◆ Your goal ◆
The whole listing that follows, pictures excepted, should be printed again exactly as given.

◆ Recorded data ◆
▶
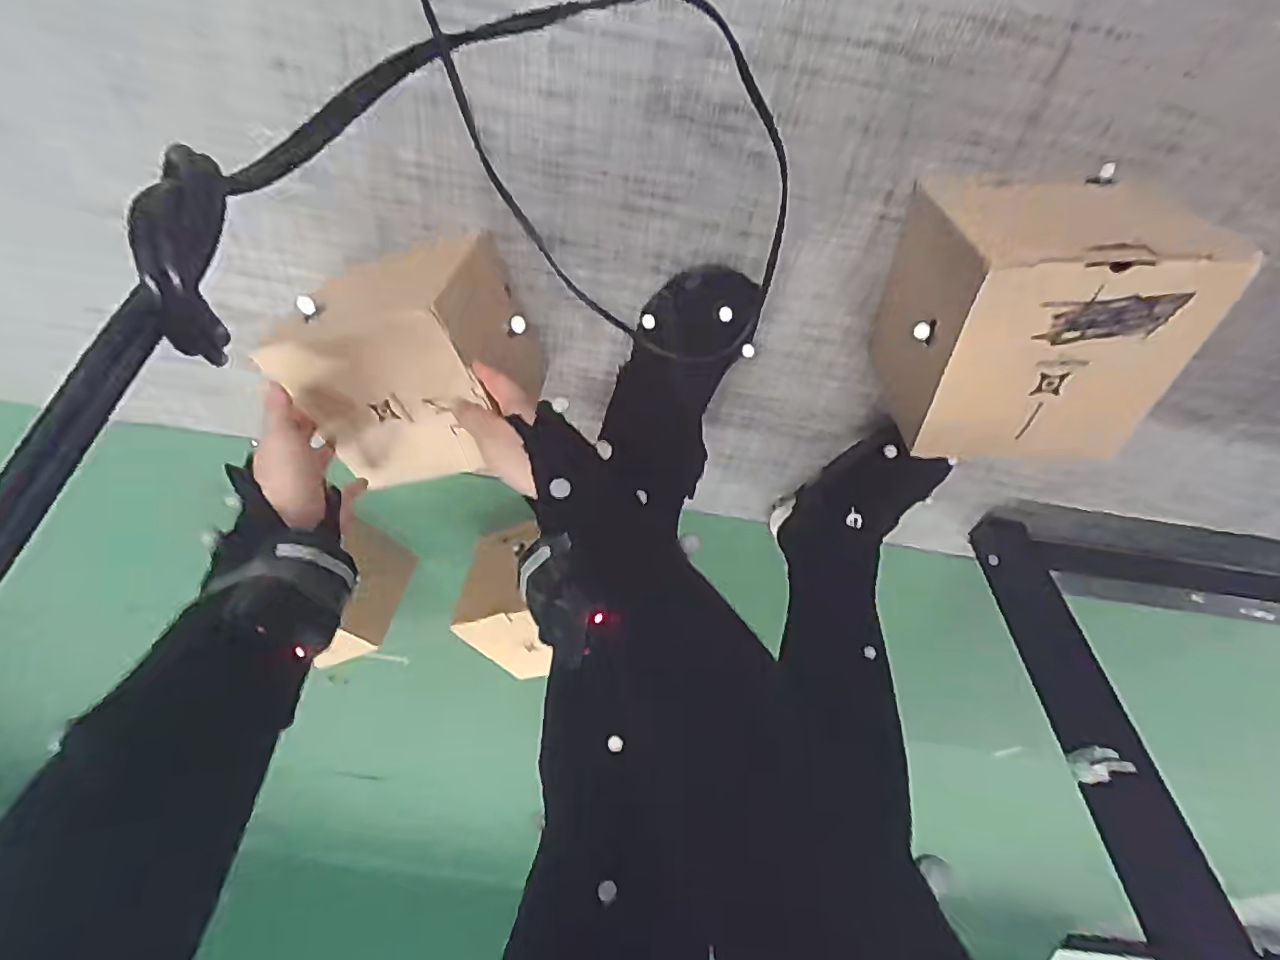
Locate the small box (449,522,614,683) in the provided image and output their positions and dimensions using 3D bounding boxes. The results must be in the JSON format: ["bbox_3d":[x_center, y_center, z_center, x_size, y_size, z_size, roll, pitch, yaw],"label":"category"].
[{"bbox_3d":[-0.154,0.192,0.841,0.168,0.176,0.179,-17,130,22],"label":"small box"}]

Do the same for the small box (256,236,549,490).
[{"bbox_3d":[-0.211,-0.115,0.537,0.179,0.176,0.168,-9,133,14],"label":"small box"}]
◀
◆ Expected answer ◆
Locate the small box (449,522,614,683) in the provided image and output their positions and dimensions using 3D bounding boxes. The results must be in the JSON format: ["bbox_3d":[x_center, y_center, z_center, x_size, y_size, z_size, roll, pitch, yaw],"label":"category"].
[{"bbox_3d":[-0.154,0.192,0.841,0.168,0.176,0.179,-17,130,22],"label":"small box"}]

Do the same for the small box (256,236,549,490).
[{"bbox_3d":[-0.211,-0.115,0.537,0.179,0.176,0.168,-9,133,14],"label":"small box"}]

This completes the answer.